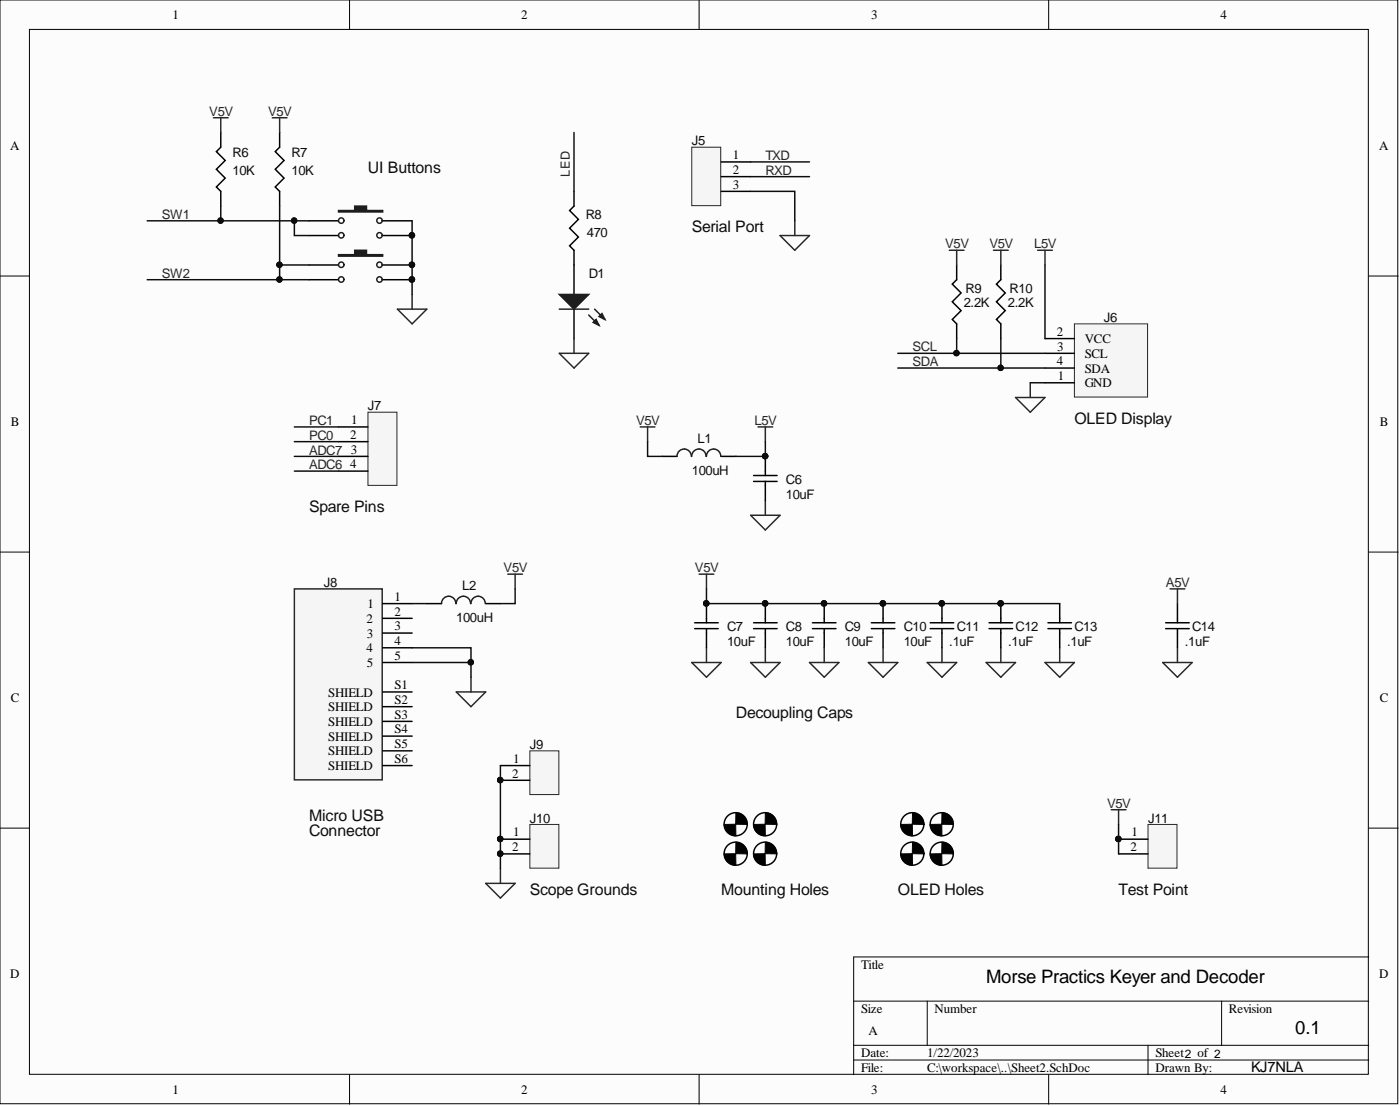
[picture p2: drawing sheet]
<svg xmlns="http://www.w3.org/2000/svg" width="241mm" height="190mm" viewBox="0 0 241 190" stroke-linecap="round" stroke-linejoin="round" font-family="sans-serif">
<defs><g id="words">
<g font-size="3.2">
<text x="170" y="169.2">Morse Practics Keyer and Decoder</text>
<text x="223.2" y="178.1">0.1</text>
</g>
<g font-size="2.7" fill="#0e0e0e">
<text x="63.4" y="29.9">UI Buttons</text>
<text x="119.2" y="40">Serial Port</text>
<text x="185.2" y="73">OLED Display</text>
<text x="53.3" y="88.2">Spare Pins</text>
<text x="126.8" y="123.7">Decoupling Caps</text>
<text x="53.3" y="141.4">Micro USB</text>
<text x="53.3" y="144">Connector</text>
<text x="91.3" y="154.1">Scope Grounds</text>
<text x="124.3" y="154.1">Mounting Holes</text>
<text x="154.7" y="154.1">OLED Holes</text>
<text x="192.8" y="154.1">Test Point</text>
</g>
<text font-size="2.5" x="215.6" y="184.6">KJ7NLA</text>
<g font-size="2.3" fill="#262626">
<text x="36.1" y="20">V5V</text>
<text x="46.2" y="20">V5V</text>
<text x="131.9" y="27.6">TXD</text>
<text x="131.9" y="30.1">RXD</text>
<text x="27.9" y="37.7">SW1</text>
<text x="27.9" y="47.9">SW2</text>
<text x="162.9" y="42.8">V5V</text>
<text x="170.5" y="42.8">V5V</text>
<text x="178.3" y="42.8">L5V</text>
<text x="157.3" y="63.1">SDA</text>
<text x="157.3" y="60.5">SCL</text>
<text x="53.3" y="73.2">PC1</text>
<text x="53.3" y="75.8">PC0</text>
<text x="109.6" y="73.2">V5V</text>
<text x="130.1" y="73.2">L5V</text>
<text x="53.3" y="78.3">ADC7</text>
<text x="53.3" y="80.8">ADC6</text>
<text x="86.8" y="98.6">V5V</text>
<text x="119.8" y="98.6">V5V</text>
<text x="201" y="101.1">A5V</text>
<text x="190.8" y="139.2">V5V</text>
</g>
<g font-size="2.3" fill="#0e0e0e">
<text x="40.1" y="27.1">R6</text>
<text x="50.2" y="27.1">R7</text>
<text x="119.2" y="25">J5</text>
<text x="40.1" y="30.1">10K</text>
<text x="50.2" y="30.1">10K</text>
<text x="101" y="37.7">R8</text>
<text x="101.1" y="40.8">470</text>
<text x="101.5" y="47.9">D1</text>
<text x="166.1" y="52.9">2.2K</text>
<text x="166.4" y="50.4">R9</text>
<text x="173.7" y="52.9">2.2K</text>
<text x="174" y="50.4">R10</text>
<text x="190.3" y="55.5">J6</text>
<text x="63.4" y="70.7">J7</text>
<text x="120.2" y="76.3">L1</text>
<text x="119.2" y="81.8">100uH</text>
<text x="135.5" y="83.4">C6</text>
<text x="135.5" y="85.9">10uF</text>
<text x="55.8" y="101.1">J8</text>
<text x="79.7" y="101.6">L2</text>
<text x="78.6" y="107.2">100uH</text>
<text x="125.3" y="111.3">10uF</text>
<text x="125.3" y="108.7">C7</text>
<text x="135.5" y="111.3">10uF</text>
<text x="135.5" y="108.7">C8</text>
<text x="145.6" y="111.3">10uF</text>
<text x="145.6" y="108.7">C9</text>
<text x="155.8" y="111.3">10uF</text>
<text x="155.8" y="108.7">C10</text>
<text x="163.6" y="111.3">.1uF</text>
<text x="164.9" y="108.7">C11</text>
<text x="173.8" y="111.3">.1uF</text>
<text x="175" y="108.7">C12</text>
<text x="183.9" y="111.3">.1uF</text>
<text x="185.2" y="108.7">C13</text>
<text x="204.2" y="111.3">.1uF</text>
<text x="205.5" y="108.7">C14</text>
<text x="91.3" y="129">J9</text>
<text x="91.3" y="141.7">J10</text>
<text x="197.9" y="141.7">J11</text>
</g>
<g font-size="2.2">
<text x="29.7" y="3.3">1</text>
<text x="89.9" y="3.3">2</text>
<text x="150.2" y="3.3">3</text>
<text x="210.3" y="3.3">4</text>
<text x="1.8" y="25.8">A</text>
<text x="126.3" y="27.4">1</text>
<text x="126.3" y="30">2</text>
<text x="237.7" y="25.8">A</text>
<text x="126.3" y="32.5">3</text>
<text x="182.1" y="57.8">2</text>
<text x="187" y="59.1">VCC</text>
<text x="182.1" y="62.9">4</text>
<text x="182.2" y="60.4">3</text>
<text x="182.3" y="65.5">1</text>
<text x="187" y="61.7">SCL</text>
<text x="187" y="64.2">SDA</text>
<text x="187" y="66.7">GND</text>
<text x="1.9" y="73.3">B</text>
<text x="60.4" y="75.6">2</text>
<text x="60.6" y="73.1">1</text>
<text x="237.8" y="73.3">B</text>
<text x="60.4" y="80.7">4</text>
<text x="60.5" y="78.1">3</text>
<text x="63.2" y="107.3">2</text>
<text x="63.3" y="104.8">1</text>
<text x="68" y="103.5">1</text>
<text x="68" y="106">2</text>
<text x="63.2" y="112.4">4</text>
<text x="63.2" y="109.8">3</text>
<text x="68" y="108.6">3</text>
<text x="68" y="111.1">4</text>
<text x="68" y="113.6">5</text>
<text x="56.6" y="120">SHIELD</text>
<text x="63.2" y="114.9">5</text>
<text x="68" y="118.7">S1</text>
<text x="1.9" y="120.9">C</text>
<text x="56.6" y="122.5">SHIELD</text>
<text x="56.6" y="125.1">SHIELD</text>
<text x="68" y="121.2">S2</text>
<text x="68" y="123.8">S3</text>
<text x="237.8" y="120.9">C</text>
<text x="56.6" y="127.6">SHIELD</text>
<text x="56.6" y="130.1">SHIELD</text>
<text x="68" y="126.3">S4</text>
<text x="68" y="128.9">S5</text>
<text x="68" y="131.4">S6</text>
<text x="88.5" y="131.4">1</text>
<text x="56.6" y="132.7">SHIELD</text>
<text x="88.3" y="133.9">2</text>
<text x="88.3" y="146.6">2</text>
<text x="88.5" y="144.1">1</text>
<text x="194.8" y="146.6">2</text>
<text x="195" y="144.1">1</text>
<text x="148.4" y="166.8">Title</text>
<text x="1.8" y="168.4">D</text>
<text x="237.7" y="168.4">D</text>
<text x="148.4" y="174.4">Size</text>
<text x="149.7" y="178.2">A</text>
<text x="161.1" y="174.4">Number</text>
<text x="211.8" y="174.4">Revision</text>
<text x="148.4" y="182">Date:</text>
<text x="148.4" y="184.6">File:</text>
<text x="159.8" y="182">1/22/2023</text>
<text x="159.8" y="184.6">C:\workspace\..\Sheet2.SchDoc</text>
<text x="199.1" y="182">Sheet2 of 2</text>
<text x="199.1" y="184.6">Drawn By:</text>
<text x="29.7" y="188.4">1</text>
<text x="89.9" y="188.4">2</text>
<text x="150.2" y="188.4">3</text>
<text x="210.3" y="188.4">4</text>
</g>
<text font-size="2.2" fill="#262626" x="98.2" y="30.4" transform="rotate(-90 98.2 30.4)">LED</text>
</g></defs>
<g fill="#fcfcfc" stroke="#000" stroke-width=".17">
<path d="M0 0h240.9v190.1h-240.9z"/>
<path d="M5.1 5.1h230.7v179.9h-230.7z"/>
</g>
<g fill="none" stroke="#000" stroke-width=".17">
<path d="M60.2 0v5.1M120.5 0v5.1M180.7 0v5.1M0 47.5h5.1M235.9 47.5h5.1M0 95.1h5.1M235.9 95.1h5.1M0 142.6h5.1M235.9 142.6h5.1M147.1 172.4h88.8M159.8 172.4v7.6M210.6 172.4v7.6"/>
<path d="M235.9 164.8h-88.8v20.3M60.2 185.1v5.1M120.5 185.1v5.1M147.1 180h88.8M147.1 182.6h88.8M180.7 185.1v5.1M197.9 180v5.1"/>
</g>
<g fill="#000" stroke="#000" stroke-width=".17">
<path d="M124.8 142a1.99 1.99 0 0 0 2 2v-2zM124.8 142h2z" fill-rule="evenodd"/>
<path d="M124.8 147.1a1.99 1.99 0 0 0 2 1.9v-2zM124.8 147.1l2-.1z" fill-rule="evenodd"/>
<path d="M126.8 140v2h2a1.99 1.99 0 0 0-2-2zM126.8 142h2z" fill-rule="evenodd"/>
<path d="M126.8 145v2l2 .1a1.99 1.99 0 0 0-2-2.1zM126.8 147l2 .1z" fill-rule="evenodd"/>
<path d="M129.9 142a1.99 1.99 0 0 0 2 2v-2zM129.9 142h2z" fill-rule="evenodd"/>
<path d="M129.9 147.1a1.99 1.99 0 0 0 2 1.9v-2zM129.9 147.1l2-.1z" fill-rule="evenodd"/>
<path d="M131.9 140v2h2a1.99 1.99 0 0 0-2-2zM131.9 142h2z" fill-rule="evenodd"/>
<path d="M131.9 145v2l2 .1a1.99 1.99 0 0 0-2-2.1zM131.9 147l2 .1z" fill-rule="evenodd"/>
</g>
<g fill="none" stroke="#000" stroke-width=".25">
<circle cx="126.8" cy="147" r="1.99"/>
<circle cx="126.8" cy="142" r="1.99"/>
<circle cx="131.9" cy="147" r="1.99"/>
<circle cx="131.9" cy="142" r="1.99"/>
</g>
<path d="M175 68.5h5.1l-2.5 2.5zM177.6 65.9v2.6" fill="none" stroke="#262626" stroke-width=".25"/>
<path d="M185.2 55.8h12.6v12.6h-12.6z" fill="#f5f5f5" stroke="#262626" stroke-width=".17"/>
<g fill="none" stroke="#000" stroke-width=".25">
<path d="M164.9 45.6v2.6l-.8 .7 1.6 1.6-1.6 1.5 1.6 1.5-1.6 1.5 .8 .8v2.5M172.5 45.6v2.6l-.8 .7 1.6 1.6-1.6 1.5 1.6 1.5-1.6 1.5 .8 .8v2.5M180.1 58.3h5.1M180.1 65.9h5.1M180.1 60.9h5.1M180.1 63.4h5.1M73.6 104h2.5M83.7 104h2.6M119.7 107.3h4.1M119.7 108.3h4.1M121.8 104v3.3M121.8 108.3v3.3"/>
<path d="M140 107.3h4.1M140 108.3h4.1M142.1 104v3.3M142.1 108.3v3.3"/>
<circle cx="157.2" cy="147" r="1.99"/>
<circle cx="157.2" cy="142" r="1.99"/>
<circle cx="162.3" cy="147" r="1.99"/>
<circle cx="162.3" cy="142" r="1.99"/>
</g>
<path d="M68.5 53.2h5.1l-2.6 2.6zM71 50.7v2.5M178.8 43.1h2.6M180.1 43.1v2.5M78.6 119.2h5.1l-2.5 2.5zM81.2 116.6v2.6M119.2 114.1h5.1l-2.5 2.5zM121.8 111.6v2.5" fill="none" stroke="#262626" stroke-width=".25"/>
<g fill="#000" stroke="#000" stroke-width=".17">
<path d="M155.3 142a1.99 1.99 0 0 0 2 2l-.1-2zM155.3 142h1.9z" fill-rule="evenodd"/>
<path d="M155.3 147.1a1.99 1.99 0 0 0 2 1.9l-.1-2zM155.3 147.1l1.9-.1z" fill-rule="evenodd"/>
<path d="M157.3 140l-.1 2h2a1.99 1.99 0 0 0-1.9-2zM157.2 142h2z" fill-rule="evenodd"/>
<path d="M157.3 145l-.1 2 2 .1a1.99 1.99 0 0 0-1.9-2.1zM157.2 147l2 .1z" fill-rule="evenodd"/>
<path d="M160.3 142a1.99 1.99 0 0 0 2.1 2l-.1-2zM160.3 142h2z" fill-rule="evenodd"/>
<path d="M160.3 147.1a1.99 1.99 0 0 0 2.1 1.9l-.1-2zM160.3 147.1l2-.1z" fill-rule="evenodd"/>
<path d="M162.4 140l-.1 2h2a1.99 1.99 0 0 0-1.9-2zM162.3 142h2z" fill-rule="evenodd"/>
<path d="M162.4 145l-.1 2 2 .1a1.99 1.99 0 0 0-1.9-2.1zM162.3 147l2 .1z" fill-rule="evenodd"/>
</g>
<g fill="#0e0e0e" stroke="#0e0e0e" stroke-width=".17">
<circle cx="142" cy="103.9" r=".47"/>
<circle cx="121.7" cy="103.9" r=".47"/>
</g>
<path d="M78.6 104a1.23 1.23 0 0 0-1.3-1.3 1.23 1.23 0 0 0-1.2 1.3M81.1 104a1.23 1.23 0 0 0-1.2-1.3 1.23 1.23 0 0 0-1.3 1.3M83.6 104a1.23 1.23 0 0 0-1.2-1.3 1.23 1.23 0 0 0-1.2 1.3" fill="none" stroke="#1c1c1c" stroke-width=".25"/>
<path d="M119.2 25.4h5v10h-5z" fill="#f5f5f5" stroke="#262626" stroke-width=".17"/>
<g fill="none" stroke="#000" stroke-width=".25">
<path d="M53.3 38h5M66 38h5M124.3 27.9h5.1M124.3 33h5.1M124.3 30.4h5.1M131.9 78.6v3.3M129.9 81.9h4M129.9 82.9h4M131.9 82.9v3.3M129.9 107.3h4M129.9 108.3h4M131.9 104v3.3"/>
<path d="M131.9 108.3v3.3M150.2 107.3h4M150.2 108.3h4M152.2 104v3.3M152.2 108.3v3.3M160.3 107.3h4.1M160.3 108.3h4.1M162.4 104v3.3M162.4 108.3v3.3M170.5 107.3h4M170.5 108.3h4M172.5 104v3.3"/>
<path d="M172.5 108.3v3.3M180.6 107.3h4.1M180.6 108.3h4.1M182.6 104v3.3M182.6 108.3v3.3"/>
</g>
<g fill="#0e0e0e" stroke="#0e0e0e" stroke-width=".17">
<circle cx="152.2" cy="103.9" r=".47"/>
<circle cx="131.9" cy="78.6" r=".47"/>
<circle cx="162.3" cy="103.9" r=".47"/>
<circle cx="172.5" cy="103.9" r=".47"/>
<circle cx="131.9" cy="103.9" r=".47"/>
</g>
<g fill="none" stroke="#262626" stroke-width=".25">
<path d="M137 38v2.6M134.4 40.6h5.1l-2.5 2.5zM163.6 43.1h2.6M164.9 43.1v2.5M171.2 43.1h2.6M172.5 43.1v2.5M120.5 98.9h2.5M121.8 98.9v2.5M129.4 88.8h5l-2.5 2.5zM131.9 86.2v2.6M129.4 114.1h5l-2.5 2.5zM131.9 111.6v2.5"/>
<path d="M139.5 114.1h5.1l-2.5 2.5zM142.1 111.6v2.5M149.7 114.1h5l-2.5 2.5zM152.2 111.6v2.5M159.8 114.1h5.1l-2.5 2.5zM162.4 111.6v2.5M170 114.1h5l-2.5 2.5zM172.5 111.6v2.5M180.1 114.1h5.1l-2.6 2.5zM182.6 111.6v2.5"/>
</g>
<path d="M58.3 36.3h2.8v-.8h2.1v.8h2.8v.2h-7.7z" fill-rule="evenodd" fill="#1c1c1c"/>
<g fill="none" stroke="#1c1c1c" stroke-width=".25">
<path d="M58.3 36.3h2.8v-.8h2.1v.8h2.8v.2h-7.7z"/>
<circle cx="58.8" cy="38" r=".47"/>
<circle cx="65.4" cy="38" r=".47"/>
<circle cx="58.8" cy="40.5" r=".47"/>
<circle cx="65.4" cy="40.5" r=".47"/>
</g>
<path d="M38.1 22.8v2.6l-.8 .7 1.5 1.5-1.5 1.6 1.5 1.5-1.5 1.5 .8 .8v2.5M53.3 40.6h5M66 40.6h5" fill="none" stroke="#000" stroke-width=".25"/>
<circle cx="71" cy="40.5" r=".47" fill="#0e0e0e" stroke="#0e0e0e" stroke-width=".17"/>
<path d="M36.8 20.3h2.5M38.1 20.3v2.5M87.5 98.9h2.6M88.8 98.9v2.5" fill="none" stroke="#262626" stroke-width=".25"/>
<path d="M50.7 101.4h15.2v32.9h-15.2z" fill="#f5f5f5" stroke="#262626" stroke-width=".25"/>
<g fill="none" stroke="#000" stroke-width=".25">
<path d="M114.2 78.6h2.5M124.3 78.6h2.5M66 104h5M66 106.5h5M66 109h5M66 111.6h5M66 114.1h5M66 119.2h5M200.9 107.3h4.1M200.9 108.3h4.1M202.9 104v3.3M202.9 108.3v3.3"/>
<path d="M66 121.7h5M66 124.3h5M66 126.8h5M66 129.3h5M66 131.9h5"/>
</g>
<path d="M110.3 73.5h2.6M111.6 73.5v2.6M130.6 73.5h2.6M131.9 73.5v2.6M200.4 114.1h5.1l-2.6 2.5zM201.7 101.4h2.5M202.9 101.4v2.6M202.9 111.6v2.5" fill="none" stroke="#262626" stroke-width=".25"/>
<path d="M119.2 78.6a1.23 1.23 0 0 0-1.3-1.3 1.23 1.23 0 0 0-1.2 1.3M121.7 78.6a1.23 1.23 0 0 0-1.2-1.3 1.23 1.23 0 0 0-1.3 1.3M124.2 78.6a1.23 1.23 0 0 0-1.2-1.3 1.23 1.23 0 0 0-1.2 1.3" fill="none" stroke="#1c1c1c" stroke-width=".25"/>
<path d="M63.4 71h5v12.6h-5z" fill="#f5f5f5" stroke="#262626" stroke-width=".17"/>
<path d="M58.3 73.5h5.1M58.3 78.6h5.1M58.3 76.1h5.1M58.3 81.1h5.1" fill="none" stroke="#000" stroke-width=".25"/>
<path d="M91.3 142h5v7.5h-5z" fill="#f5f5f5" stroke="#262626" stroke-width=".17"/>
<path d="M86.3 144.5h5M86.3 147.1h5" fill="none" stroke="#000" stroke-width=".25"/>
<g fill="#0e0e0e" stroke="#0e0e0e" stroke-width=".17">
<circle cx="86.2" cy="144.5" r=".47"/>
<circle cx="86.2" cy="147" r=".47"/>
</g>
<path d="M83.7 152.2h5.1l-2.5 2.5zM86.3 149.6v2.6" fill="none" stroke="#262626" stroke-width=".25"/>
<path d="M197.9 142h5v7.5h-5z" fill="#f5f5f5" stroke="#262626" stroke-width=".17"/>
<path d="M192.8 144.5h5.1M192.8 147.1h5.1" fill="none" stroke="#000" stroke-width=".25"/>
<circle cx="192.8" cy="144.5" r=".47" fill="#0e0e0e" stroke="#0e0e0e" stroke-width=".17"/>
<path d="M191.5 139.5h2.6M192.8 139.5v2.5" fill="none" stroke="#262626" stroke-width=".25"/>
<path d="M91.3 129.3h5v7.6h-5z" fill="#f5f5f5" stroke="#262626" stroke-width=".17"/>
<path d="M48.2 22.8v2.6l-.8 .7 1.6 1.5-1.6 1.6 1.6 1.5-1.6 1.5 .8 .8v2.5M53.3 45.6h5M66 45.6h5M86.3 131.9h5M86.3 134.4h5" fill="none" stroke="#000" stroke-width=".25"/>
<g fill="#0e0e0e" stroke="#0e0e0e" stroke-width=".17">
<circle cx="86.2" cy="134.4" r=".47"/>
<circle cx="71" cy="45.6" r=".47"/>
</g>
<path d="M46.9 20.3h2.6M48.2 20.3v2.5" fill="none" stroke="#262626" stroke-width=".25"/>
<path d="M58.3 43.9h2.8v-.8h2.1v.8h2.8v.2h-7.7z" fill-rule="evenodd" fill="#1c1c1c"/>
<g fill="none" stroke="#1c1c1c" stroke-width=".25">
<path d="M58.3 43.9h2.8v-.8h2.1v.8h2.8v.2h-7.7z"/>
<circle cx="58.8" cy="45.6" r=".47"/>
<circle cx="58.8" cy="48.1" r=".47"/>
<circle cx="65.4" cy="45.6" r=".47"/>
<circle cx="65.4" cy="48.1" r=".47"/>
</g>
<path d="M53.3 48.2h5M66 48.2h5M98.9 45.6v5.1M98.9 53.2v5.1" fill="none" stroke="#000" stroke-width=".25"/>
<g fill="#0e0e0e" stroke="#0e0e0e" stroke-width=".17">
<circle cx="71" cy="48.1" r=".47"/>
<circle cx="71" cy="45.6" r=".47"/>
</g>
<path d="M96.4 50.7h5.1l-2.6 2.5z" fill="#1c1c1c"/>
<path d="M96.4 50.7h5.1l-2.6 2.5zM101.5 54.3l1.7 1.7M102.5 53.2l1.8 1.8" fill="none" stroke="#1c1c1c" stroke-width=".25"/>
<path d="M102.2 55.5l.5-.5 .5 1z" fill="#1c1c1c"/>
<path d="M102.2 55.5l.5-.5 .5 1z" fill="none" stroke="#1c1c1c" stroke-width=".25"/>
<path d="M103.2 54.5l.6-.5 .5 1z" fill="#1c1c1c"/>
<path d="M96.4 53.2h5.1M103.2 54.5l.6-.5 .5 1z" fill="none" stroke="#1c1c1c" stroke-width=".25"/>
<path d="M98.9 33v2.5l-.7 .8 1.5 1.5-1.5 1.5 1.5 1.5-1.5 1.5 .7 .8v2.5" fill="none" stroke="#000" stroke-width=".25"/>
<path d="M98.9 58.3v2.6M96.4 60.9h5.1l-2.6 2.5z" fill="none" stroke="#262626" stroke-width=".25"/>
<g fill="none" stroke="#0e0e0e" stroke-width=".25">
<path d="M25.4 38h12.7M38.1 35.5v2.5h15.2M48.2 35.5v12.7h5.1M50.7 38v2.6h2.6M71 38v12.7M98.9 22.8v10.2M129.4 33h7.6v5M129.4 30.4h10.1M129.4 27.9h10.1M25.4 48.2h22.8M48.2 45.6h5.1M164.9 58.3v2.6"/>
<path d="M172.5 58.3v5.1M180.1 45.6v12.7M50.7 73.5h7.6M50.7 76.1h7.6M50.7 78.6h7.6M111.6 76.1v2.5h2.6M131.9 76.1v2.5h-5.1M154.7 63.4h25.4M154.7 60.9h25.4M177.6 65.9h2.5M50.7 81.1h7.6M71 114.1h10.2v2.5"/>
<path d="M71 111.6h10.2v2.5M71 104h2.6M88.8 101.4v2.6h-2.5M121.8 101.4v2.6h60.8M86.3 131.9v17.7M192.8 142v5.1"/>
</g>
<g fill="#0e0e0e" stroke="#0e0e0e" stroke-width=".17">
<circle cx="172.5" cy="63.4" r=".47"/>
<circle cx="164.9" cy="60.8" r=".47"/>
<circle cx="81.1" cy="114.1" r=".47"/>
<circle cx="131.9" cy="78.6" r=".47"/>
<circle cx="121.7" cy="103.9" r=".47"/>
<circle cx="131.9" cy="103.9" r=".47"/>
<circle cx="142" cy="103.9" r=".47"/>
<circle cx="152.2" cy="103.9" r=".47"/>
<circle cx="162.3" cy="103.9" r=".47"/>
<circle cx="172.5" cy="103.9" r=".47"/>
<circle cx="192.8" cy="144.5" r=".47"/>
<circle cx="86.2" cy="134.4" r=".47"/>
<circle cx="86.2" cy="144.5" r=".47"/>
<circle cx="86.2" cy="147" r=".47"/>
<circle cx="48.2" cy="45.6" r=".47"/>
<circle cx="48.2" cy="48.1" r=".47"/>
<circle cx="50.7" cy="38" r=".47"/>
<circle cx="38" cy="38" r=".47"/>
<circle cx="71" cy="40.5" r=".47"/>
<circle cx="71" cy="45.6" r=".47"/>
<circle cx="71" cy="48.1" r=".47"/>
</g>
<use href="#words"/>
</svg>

....

▶ [Task requirements]:
All lines above that contain "SHIELD" are required in the answer.

▶ [Solution for this exercise]:
<text x="56.6" y="120">SHIELD</text>
<text x="56.6" y="122.5">SHIELD</text>
<text x="56.6" y="125.1">SHIELD</text>
<text x="56.6" y="127.6">SHIELD</text>
<text x="56.6" y="130.1">SHIELD</text>
<text x="56.6" y="132.7">SHIELD</text>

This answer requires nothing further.